“I’ve just learned over the years,” Beck said, “there’s certain things that I can do, and my brain relaxes.”
His is not, naturally, a relaxed brain. “I think Beck is a very A-type personality,” said Kyle Shanahan, his offensive coordinator. So as he approaches his next start Sunday against Buffalo in Toronto — with the endorsement of Coach Mike Shanahan that last week’s loss at Carolina was merely “the first of many games for him” — Beck continues the internal battle that began as early as his Pop Warner days, when he would sit in church and wonder about the score in the 49ers game. It continued when he delayed his college career to serve a Mormon mission, when he kept up with his passion only through newspaper clippings sent by his father. And it continues now, as a husband and a father: How can he balance the all-consuming nature of his job, yet not be completely consumed by it?

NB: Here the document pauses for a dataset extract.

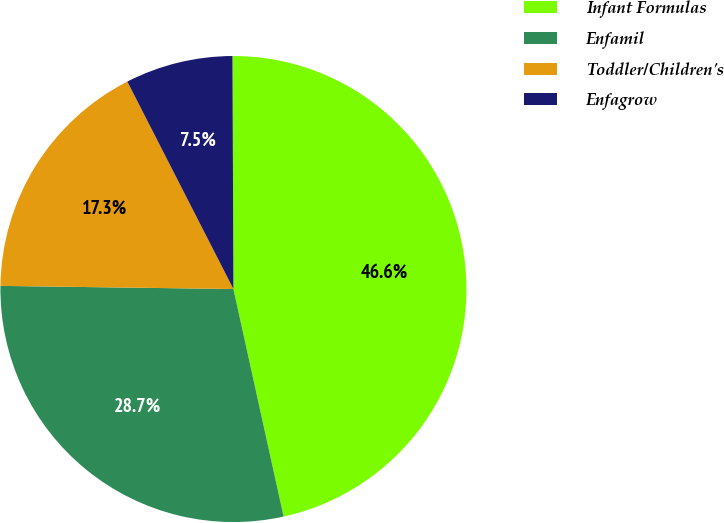<chart> <loc_0><loc_0><loc_500><loc_500><pie_chart><fcel>Infant Formulas<fcel>Enfamil<fcel>Toddler/Children's<fcel>Enfagrow<nl><fcel>46.61%<fcel>28.67%<fcel>17.26%<fcel>7.46%<nl></chart>

“I love football, but football’s not my life,” Beck said. “Football’s who I am, but it’s not who I am. You know what I’m saying?”
The start of an obsession
At times, he has to convince himself. The latest in a string of Redskins quarterbacks that ranges from first-rounders to drifters, Beck is described — by teammates and coaches past and present — as uber-prepared, remarkably diligent, “a football junkie,” according to Brandon Doman, his quarterbacks coach at Brigham Young University. He is so earnest that when Bernie Busken, his coach during a record-setting career as quarterback at Mountain View High School in Mesa, Ariz., pointed out that Beck was over-rotating his upper body as he dropped back to throw, Beck drew a line in his driveway as part of a drill to fix it. That was on a Saturday.
“By Monday, he was perfect,” Busken said. “He never did it wrong again.”
When Beck was 8, he played his first season of tackle football on a team known as the “Sin Nombres” — Spanish for “No-Names,” made up almost exclusively of kids from the down-and-out sections of Mesa. They had position coaches. They ran a two-minute offense. Though official practices were Tuesdays and Thursdays, the skill guys would get together Wednesdays in the backyard of Beck’s grandmother.